W Stanach Zjednoczonych już 42% kupujących przez internet stara się robić zakupy głównie w ten sposób, pomijając sklepy tradycyjne – wynika z badania PriceGrabber. Jednak aż dla 45% osób, które robią zakupy w sieci nie ma znaczenia, gdzie zakupią produkt. Dla nich liczy się końcowa satysfakcja osiągnięta poprzez płynne przechodzenie między wszystkimi dostępnymi kanałami sprzedaży i komunikacji. To czy produkt zakupią w pobliskim sklepie czy też w internecie oraz sposób, w jaki za niego zapłacą jest kwestią drugorzędną. Wszystko zależy od bieżącej sytuacji, w której się znajdują. Dlatego też w zależności od potrzeb, tacy klienci są skłonni płynnie przechodzić między internetem i sklepami tradycyjnymi.
Zakupy wielokanałowe
Zjawisko, o którym mowa, nazywa się zakupami wielokanałowymi i łączy potencjał e-commerce z możliwościami sklepów tradycyjnych. Daje ono klientom wybór, gdzie mogą kupić i odebrać produkt, a także w jaki sposób za niego zapłacić. Konsument może szukać informacji o produkcie w internecie, mediach społecznościowych (rekomendacje znajomych) lub bezpośrednio u sprzedawcy w tradycyjnym sklepie. Gdy już podejmie decyzję, może zamówić towar przez internet z dostawą do domu albo odbierać go w sklepie tradycyjnym. Nic jednak nie stoi też na przeszkodzie, by zakupy zrobił w sklepie tradycyjnym i zlecił ich wysłanie do domu. To, w jaki sposób zapłaci, też zależy wyłącznie od niego.
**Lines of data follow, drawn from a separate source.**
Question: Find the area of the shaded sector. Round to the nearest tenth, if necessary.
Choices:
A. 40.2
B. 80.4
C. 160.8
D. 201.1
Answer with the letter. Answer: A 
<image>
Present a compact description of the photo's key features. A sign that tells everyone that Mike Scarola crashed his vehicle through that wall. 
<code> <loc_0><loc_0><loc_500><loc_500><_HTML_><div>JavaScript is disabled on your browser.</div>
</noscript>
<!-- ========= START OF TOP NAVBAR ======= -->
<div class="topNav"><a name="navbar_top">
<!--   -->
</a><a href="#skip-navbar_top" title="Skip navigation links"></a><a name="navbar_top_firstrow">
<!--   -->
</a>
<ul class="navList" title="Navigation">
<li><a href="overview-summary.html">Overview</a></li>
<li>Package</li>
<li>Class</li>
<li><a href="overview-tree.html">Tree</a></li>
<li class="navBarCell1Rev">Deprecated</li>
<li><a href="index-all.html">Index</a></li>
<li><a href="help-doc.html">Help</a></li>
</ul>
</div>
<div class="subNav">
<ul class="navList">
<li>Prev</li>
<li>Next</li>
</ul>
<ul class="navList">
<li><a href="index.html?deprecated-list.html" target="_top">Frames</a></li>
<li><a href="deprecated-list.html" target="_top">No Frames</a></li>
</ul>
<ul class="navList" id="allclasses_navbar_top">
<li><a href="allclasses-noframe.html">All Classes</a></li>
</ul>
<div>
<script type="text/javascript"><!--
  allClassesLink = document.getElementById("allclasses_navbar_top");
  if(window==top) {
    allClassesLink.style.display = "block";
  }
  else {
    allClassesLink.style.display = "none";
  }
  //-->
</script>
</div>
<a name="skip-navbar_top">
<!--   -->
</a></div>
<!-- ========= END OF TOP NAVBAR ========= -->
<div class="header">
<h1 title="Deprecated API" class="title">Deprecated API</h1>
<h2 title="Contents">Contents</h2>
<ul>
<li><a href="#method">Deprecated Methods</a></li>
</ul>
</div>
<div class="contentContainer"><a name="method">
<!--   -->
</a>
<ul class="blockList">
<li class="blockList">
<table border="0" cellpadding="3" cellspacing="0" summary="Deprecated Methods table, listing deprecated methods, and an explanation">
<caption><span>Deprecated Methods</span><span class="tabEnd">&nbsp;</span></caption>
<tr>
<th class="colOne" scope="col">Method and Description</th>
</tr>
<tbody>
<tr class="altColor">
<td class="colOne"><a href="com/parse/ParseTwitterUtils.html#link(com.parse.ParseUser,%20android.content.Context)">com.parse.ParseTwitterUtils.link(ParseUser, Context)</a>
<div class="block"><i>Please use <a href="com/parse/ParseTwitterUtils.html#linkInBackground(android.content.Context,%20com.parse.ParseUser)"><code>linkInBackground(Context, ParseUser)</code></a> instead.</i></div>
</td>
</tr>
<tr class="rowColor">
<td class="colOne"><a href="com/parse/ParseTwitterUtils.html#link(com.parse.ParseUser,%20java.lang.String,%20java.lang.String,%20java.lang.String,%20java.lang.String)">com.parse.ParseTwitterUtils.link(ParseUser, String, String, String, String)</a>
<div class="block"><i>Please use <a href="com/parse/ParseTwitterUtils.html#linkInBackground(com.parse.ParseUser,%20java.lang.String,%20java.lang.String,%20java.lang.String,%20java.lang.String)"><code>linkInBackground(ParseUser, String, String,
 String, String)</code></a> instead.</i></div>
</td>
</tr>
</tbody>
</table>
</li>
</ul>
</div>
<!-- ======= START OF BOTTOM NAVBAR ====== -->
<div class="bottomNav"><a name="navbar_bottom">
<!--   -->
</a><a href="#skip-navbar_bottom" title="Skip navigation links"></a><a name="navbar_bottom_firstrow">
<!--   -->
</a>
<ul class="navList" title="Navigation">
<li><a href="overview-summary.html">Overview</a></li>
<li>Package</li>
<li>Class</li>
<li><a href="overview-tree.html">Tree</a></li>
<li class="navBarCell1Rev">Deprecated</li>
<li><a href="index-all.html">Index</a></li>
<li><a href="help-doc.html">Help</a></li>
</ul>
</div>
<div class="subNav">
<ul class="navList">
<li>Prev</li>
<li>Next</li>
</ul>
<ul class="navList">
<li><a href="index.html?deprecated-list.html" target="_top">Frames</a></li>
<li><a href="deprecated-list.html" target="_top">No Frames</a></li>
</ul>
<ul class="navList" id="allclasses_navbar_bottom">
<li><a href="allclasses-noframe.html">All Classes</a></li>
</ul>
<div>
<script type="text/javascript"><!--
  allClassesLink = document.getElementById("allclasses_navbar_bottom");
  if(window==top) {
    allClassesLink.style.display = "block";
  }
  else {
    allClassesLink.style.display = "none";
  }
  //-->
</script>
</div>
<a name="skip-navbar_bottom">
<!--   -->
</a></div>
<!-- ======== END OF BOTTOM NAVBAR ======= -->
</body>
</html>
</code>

– Zakupy wielokanałowe otwierają nowe możliwości oraz stawiają wyzwania przed sprzedawcami. Nie ma już ograniczeń co do czasu i miejsca zawierania transakcji, a cały proces zakupowy można zrealizować na wiele sposobów. Ważne, aby przebiegał on bez zakłóceń, a przejścia między kanałami sprzedaży i komunikacji były płynne – tłumaczy Tomasz Henel z serwisu DeCommerce.pl. Wraz z rozwojem technologii mobilnych, zakupów można dokonywać z poziomu telefonu, np. jadąc autobusem i odebrać je pół godziny później w sklepie. Liczba możliwości jest praktycznie nieograniczona.
Jakość obsługi
To jaką drogę wybierze klient zależy tylko od niego. Rolą sprzedawcy jest sprawienie, aby proces ten był płynny. – Chodzi przede wszystkim o likwidację barier między światem internetu, a sklepami tradycyjnymi. Jakość obsługi we wszystkich kanałach sprzedaży powinna być na jednakowym, wysokim poziomie. Na nic się zda nawet najlepiej zaprojektowana strona internetowa, gdy jakość obsługi na miejscu będzie odbiegała od wyznaczonych standardów – mówi Henel. Pamiętajmy, że w ciągu kilku chwil może on znaleźć lepszą ofertę, nie wychodząc nawet ze sklepu. Wystarczy smartfon, który jest w jego kieszeni.
Sklepy tradycyjne nie znikną z powierzchni Ziemi i zawsze będzie na nie zapotrzebowanie. Zmienić może się za to ich udział w rynku, na który wpływ ma wirtualna konkurencja. Dobrym wyjściem z tej sytuacji jest dostosowanie się i rozszerzenie kanałów dystrybucji w sklepach tradycyjnych o sprzedaż internetową. Dzięki temu zwiększy się zasięg działalności, a klienci zyskają wygodę robienia zakupów w domowym zaciszu.